Mama continued. “Before today, I wouldn't have considered it, but now that the war in Europe is over and it looks like Japan won't be far behind, we are going to have to come up with some way to support ourselves. Cookie's factory job will surely end with the fighting.”
Chuck interrupted, “Mama, Chip and I will be graduating at the end of the month. We can get jobs and help out.” He sat a little taller in his chair, as if to show that he was man enough for the task of supporting the family.
Mama smiled and patted his hand. “I appreciate that, Chuck, but think. When the war is over there are going to be thousands of GIs looking for work. The jobs are going to go to them. Nobody is going to hire you or your brother instead of a veteran.”
The table was quiet for a moment as the truth about our situation sank in. Cookie toyed with her fork and gazed thoughtfully into the distance before speaking. “Are you sure it will take? The fields have never been cultivated. How do you know tobacco will even grow here?”
“Mr. Scholler's land is right next to ours, and his tobacco is fine,” I said. “The quality is pretty fair, and he gets a good price for it. Ours might be even better because the land has been lying fallow so long; the nutrients haven't been leeched out. Also, Mr. Scholler said we could use any of his equipment we need, tractors and everything, and we can use any space left over in his drying sheds. That would save us having to put out so much money up front.”

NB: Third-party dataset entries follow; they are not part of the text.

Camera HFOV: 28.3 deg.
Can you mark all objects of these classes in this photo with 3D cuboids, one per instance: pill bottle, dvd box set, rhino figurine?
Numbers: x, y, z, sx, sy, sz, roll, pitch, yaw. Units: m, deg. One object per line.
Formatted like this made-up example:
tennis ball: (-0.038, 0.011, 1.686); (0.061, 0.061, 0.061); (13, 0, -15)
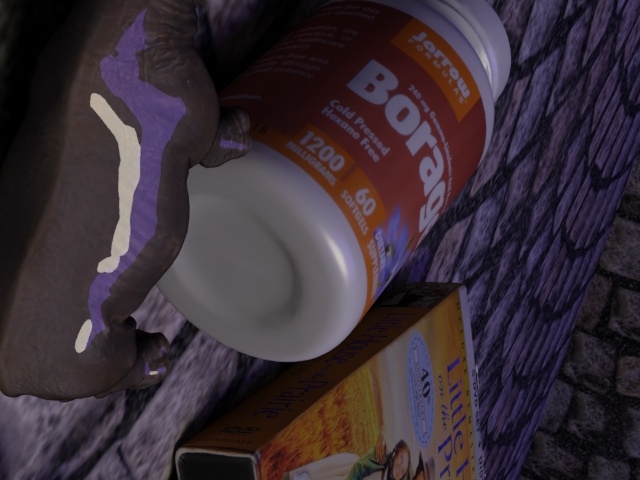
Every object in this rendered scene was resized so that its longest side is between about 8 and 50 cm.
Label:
pill bottle: (0.013, -0.049, 0.633); (0.216, 0.121, 0.121); (-49, 156, -42)
dvd box set: (0.035, 0.228, 0.969); (0.420, 0.062, 0.307); (-26, 113, -63)
rhino figurine: (-0.071, -0.048, 0.474); (0.106, 0.073, 0.243); (-21, 131, -70)

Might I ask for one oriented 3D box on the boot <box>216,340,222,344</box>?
boot: (0.000, 0.000, 0.724); (0.158, 0.085, 0.059); (-60, 163, -12)
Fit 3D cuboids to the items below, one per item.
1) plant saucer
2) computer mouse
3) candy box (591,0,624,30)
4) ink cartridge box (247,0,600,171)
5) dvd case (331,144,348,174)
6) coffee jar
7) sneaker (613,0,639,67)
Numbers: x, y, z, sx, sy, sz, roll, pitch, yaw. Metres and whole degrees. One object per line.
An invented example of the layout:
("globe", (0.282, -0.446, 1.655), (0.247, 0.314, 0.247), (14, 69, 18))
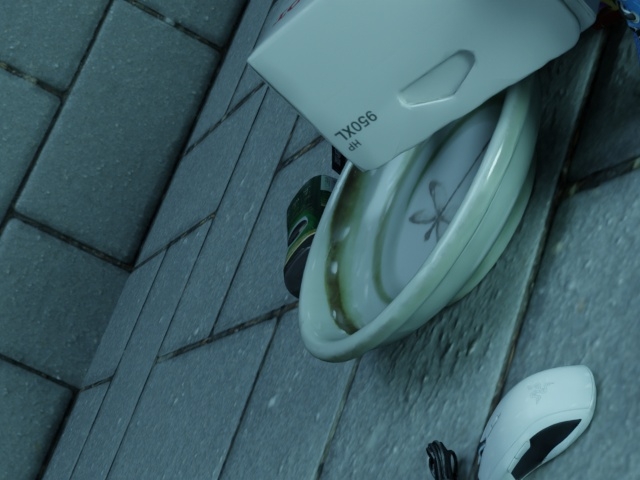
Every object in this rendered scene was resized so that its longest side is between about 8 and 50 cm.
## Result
("plant saucer", (0.118, -0.044, 1.188), (0.400, 0.100, 0.400), (-54, 19, 28))
("computer mouse", (0.141, 0.157, 0.917), (0.193, 0.042, 0.106), (-52, 19, 34))
("candy box", (0.305, -0.301, 1.103), (0.187, 0.053, 0.109), (-68, 17, -11))
("ink cartridge box", (0.130, -0.292, 1.102), (0.285, 0.166, 0.395), (-32, 25, 42))
("dvd case", (0.075, -0.175, 1.459), (0.179, 0.029, 0.239), (-54, -5, -5))
("coffee jar", (0.000, 0.000, 1.512), (0.096, 0.079, 0.184), (-51, 19, 28))
("sneaker", (0.224, -0.221, 0.855), (0.130, 0.147, 0.330), (-101, -4, -71))

Chuck scratched his head, considering. “We got, say, fifteen acres out there. You want to plant all of it?” I nodded. “That means we'd still have to build at least one shed. How are we going to do that?”
“Well, I thought you and Chip could handle that part. You're so handy with tools and all.”
Chip was doubtful. “Yeah, but it's going to take some real money to buy lumber for a shed. Where are we going to get that kind of cash?”
I bit my lip. I didn't know exactly how this was all going to work, it was true. Still, something deep in me said we could do it, but only if we all pulled together. I had to convince them.
Junior made a sucking sound with his teeth and said, “Well, I don't think we need to worry about money to build a shed just yet. Let's just cross the bridge when we come to it.”
A little thrill of excitement jolted me. If Junior was for the idea, the rest of the family would get on board, I was certain. And it was so long since Junior had been for anything!
He spent his days sitting in chairs, reading or pretending to read, repeatedly opening and closing the cover of the pocket watch that Papa had left to him in his will, as if hoping that this time the clock face would show that hours had mysteriously passed and another day would soon be over. He didn't speak unless spoken to. His conversations were short, obligatory, and confined to bare, immediate exchanges of domestic necessity. He didn't want to talk about the future, or the past.
Mama said we needed to give him time, and I did. I still wore the garnet ring he'd given me, but we never spoke of it. I didn't press him. It didn't matter. It wasn't fulfillment of promise I was seeking from him, just ... I don't know. Just the barest acknowledgement that he was still in there somewhere, a reassurance that Hitler had not been able to kill every man I loved.